GIVEN INFORMATION:
====================

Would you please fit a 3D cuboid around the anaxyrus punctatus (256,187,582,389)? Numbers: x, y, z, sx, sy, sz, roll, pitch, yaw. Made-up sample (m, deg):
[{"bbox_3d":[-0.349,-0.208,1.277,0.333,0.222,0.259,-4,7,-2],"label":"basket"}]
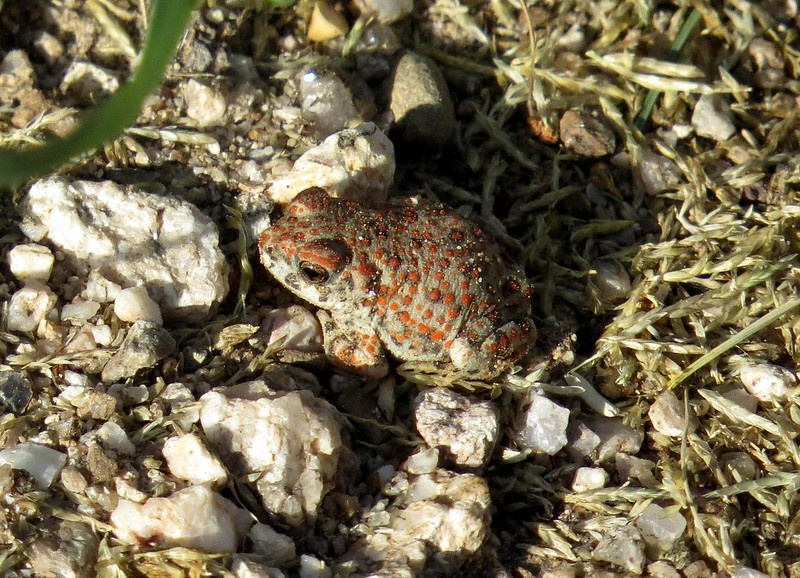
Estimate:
[{"bbox_3d":[0.003,-0.021,4.132,1.411,0.479,0.881,4,69,-5],"label":"anaxyrus punctatus"}]

====================

Could you give the material above again, exactly and without its pictures?

SOLUTION:
Would you please fit a 3D cuboid around the anaxyrus punctatus (256,187,582,389)? Numbers: x, y, z, sx, sy, sz, roll, pitch, yaw. Made-up sample (m, deg):
[{"bbox_3d":[-0.349,-0.208,1.277,0.333,0.222,0.259,-4,7,-2],"label":"basket"}]
Estimate:
[{"bbox_3d":[0.003,-0.021,4.132,1.411,0.479,0.881,4,69,-5],"label":"anaxyrus punctatus"}]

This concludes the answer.